Claimant has had two operations on his back. The objectives of both those operations were to effect a spinal fusion. Both doctors now recommend a third operation, an interior interbody fusion on the low back. One doctor fixed claimant’s functional loss as 40% while the other physician rated the loss at 40% to 50%. Norsworthy testified that he has worked in the parts department of a motor company since his injury; that he cannot do all the work by himself, such as lifting heavy parts; that his employer is a close personal friend and is helpful to Norsworthy in avoiding lifting; that he has pain in his back most of the time, which is aggravated by coughing and sneezing; that he cannot stand in one place for more than a few minutes and cannot sit for any length of time; that some days he cannot work at all. He is 29 years of age, a high school graduate, and has had no vocational training. He asserted that he loses considerable time from his present job and that he would not be able to maintain his employment except for the special consideration shown by his employer.

The only contention made by appellee on cross-appeal is that the evidence does not support an award in excess of 40% permanent partial disability, and that it is shown that claimant was leading a “pretty normal life.” To support that theory Georgia-Pacific emphasizes that claimant engaged .in hunting.

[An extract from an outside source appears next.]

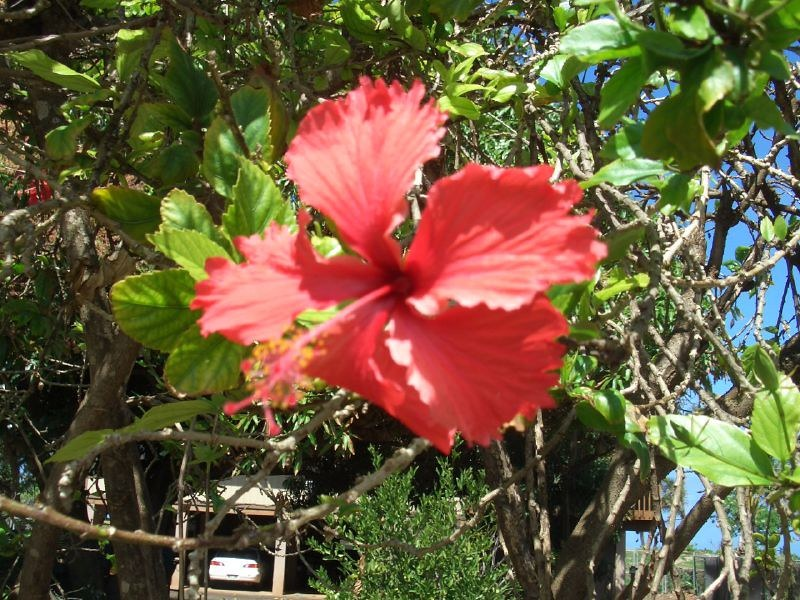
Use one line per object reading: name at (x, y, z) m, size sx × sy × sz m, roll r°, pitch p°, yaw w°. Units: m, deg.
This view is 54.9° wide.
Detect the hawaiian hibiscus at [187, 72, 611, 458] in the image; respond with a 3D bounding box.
hawaiian hibiscus at (0.045, -0.057, 1.409) m, size 0.746 × 0.290 × 0.765 m, roll -14°, pitch 22°, yaw -37°

The doctors prescribed walking as therapy and we cannot agree that claimant should be penalized because he engaged in a sport involving considerable walking. It is also true, as pointed out by Georgia-Pacific, that appellant’s earnings are presently equal to his former wages. That fact does not of itself defeat the claim for benefits; his capacity to continue to draw equal wages is an additional and significant factor. Abbott v. Leavell, 244 Ark. 544, 426 S. W. 2d 166 (1968).

Affirmed on appeal and cross-appeal.